__ACTIVITY__: Return, exactly and with nothing added, the line with "Step 2: press back button" together with all lines after it through the end of the data below. No pictures belong in the copy.

Stored items:
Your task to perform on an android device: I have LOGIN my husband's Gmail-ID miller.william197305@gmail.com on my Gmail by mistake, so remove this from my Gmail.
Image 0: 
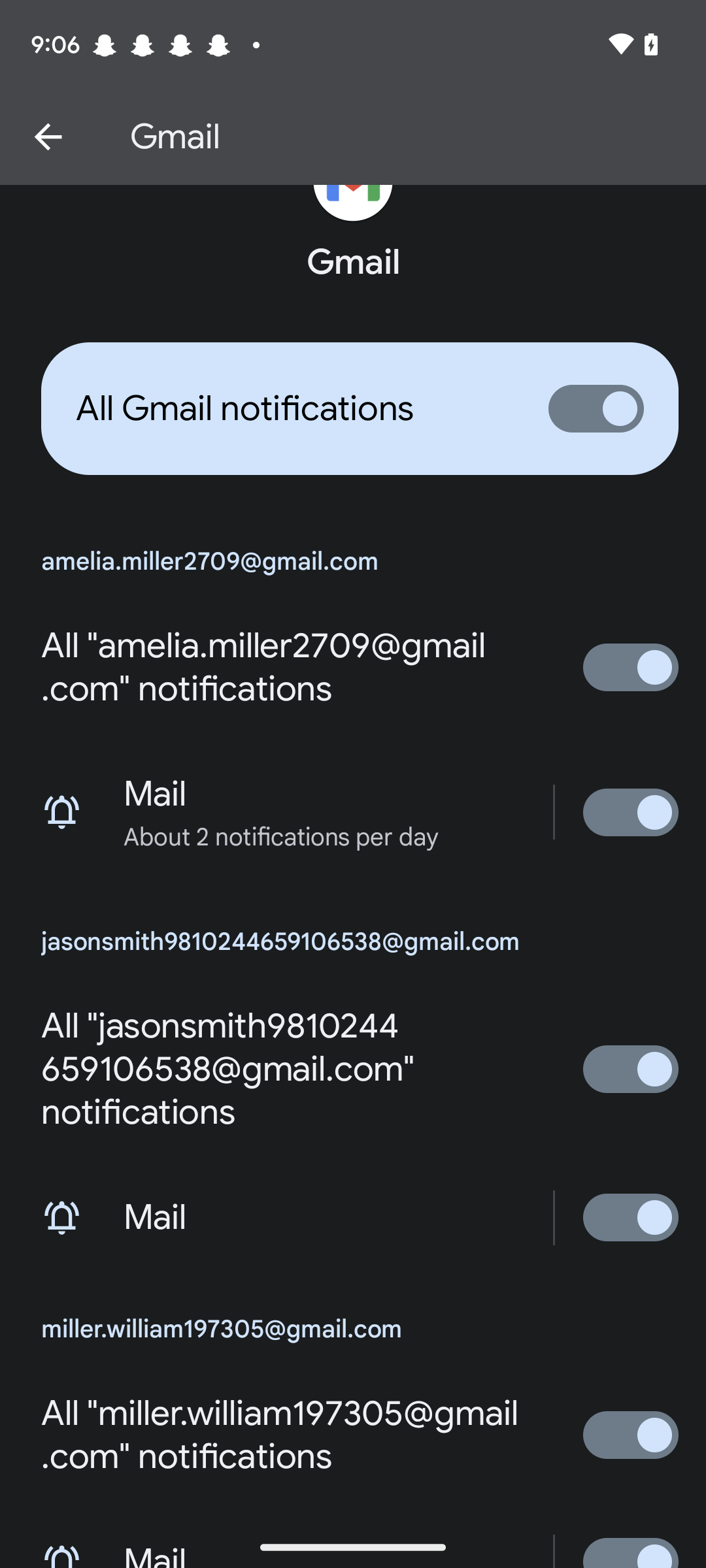
Go back to the previous page.
Step 0: press back button
Image 1: 
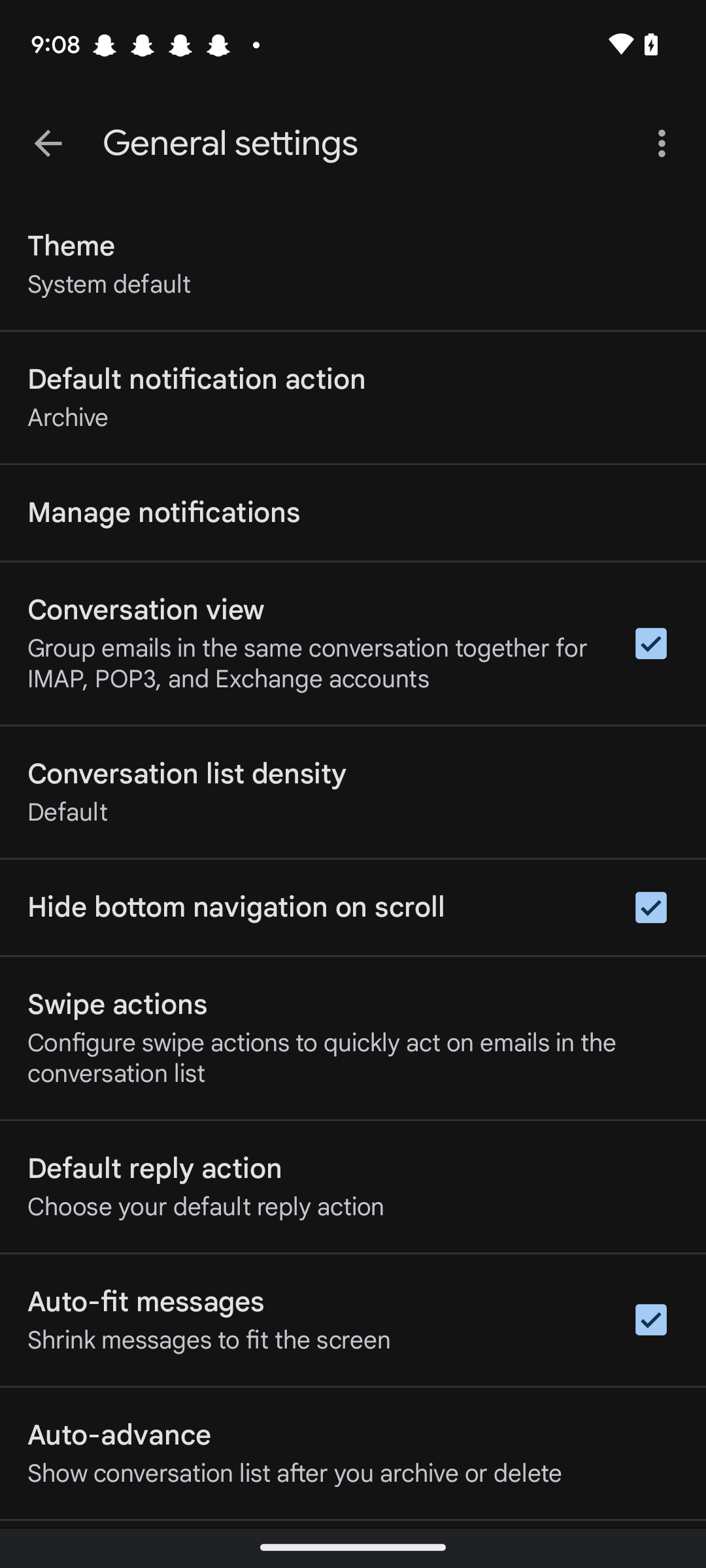
Go back to the previous page.
Step 1: press back button
Image 2: 
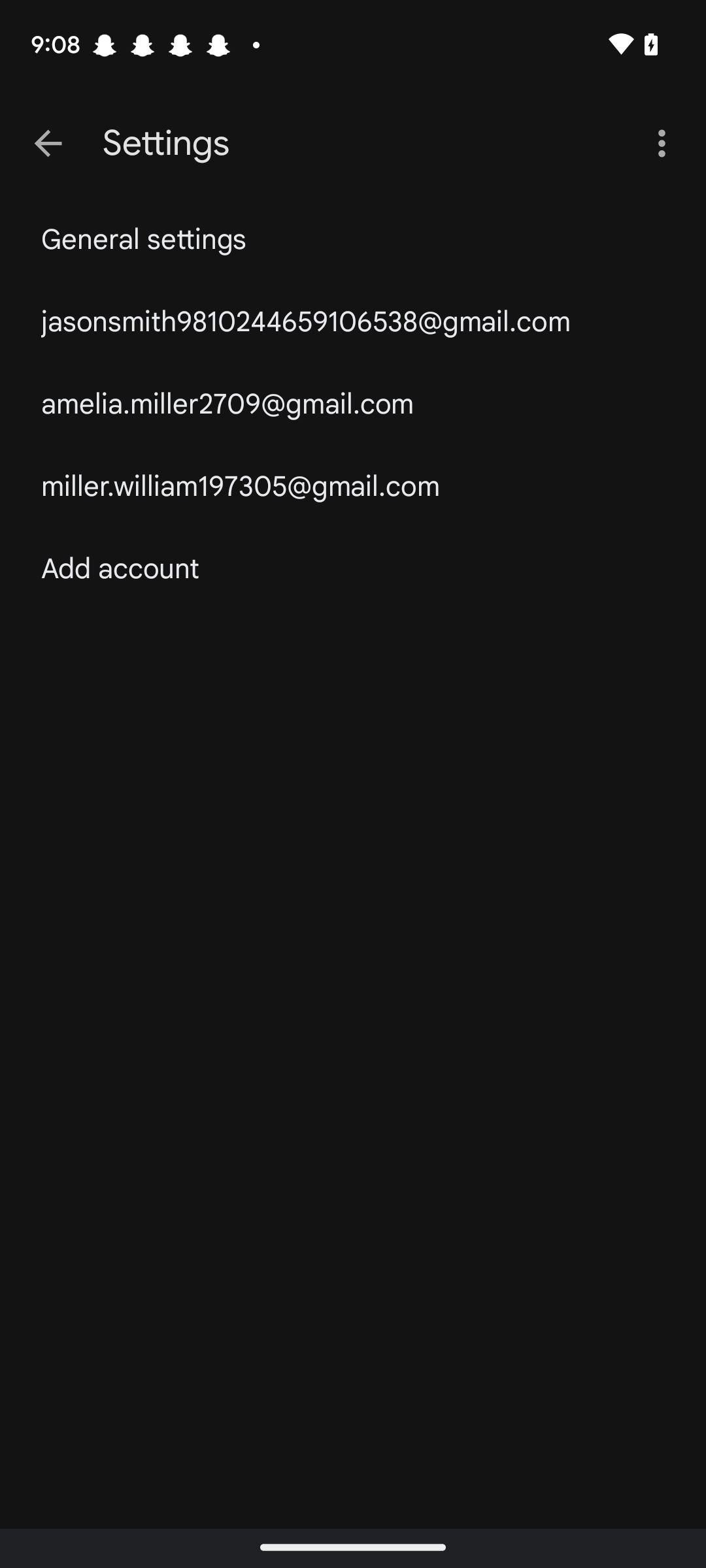
Go back to the previous page.
Step 2: press back button
Image 3: 
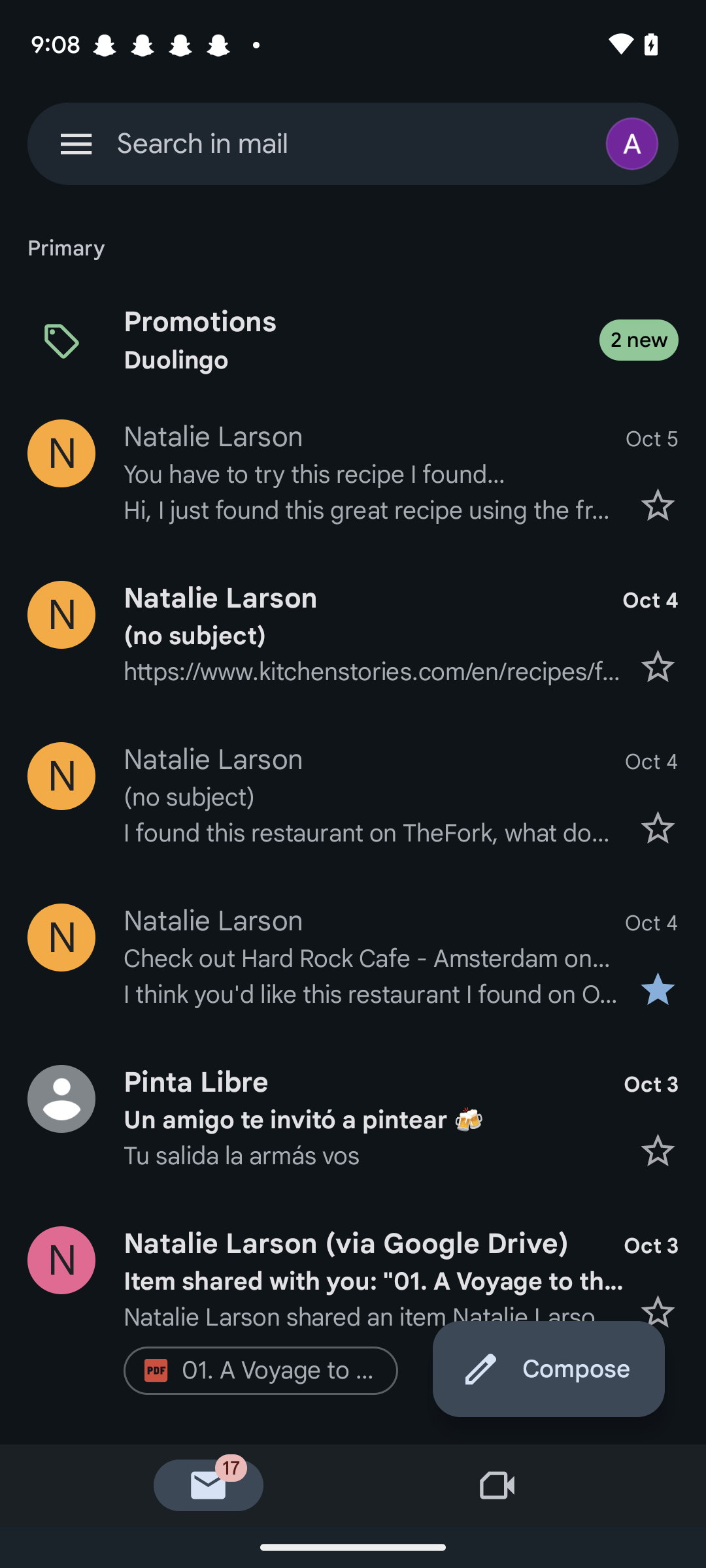
Click on the profile icon at the top right corner of the screen.
Step 3: click (635, 143)
Image 4: 
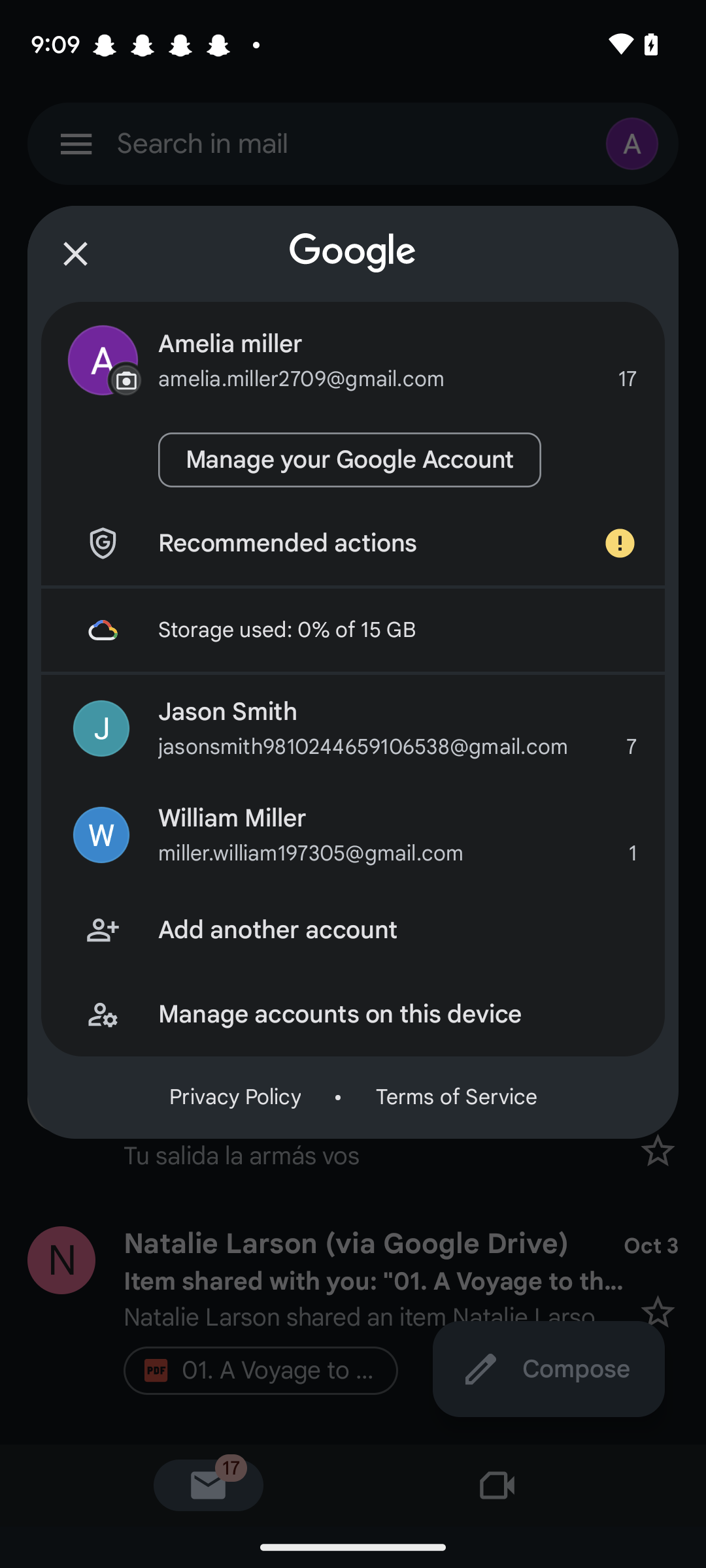
Click on the Last tab Manage accounts on this device tab.
Step 4: click (397, 1014)
Image 5: 
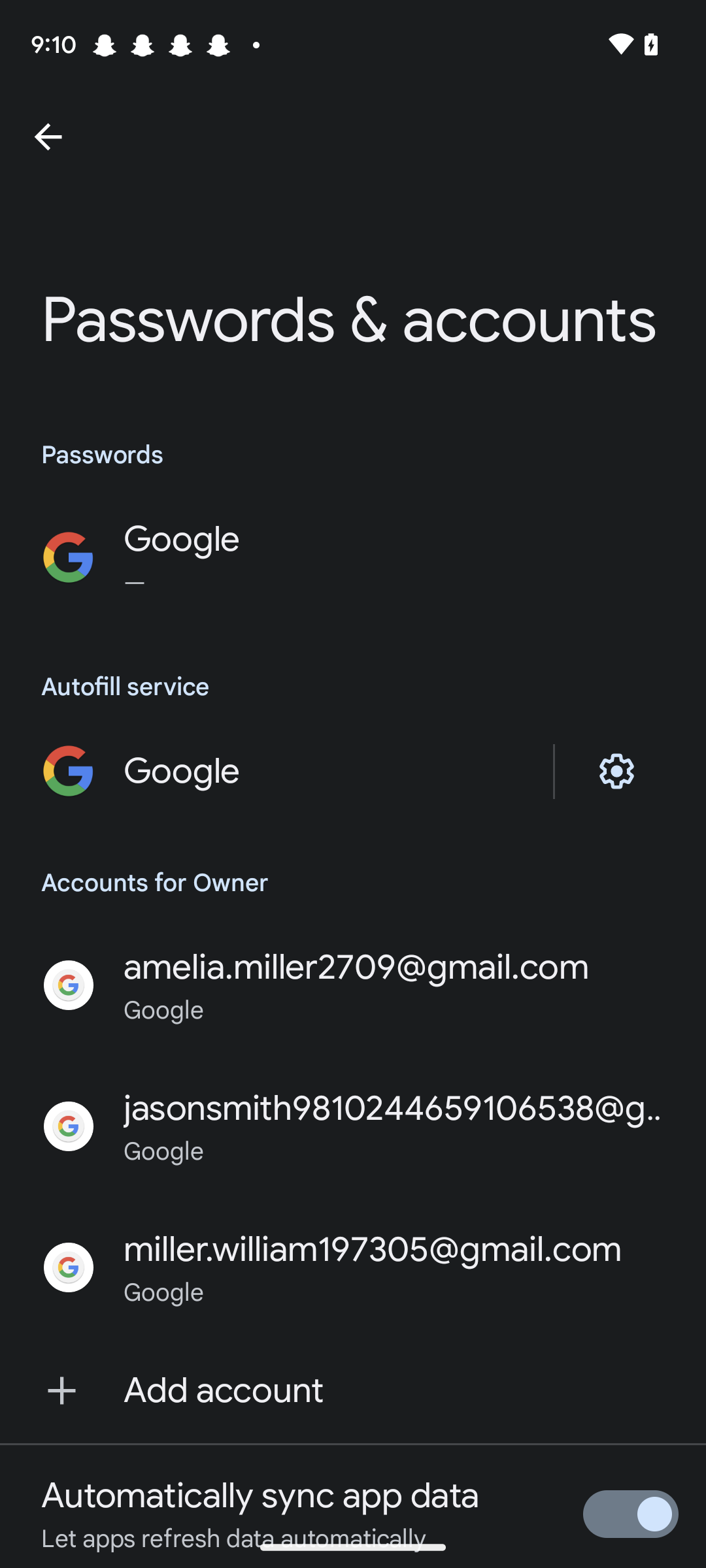
Click on the mail id-miller.william197305@gmail.com
Step 5: click (373, 1249)
Image 6: 
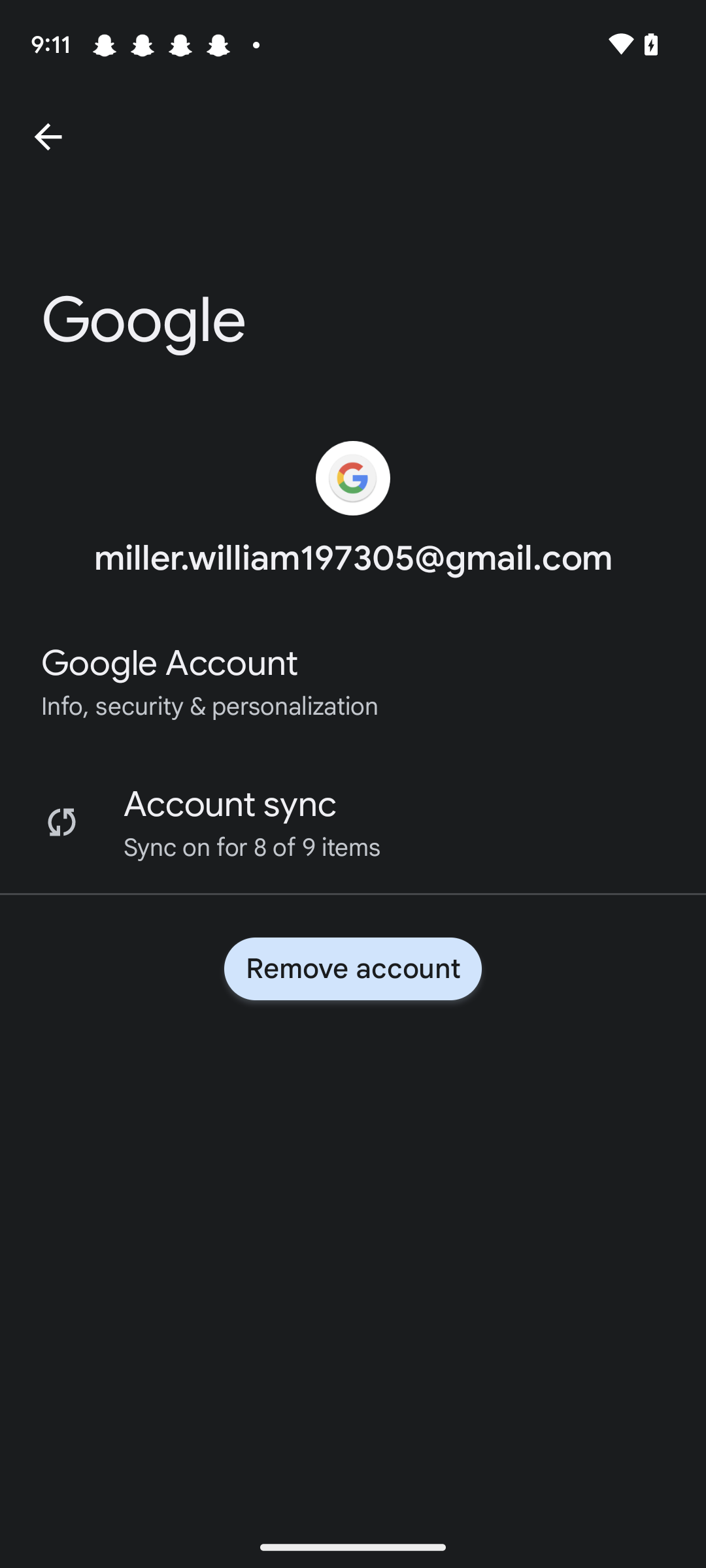
Click on the tab Remove account.
Step 6: click (353, 968)
Image 7: 
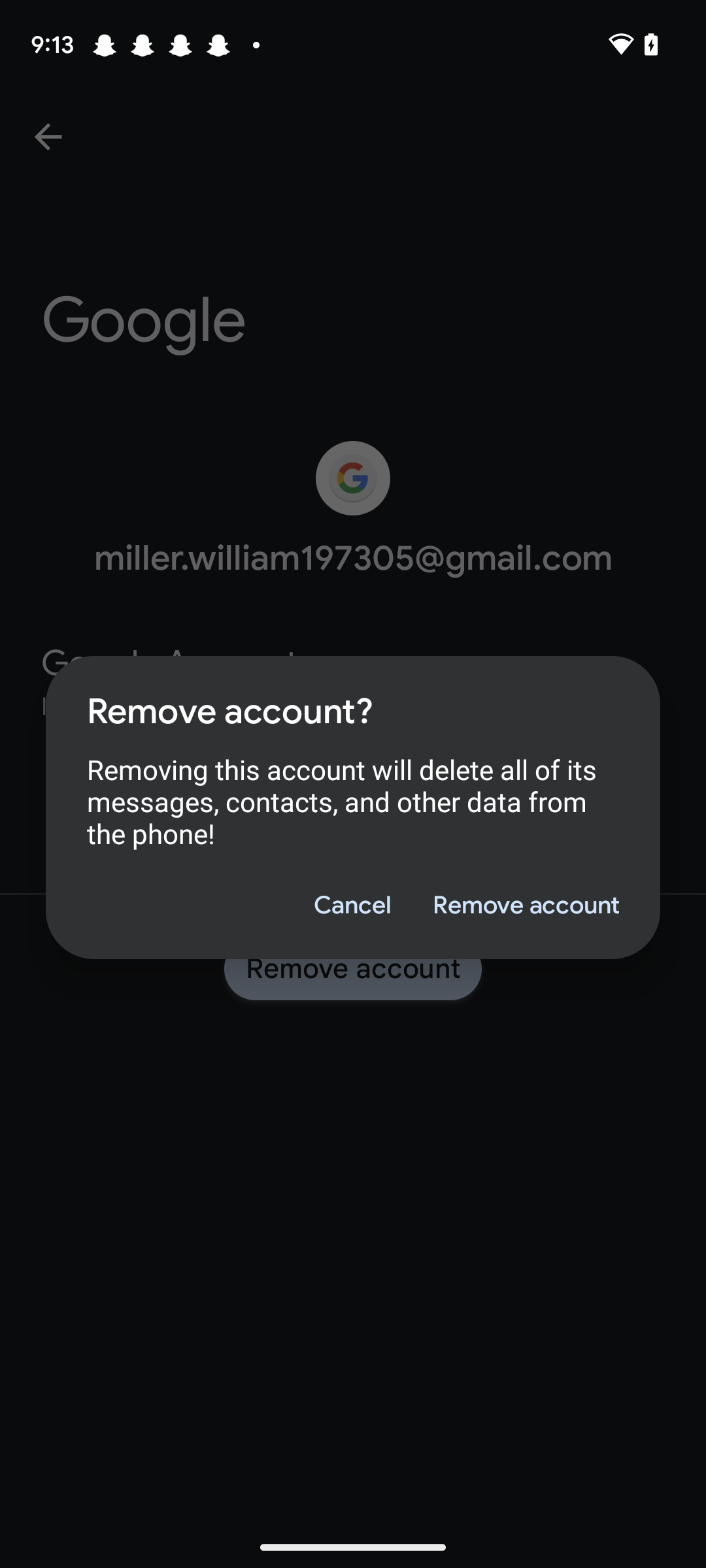
Click on the tab Remove account tab at the bottom right corner of the box displayed on the screen.
Step 7: click (525, 905)

__YOUR SOLUTION__:
Step 2: press back button
Image 3: 
Click on the profile icon at the top right corner of the screen.
Step 3: click (635, 143)
Image 4: 
Click on the Last tab Manage accounts on this device tab.
Step 4: click (397, 1014)
Image 5: 
Click on the mail id-miller.william197305@gmail.com
Step 5: click (373, 1249)
Image 6: 
Click on the tab Remove account.
Step 6: click (353, 968)
Image 7: 
Click on the tab Remove account tab at the bottom right corner of the box displayed on the screen.
Step 7: click (525, 905)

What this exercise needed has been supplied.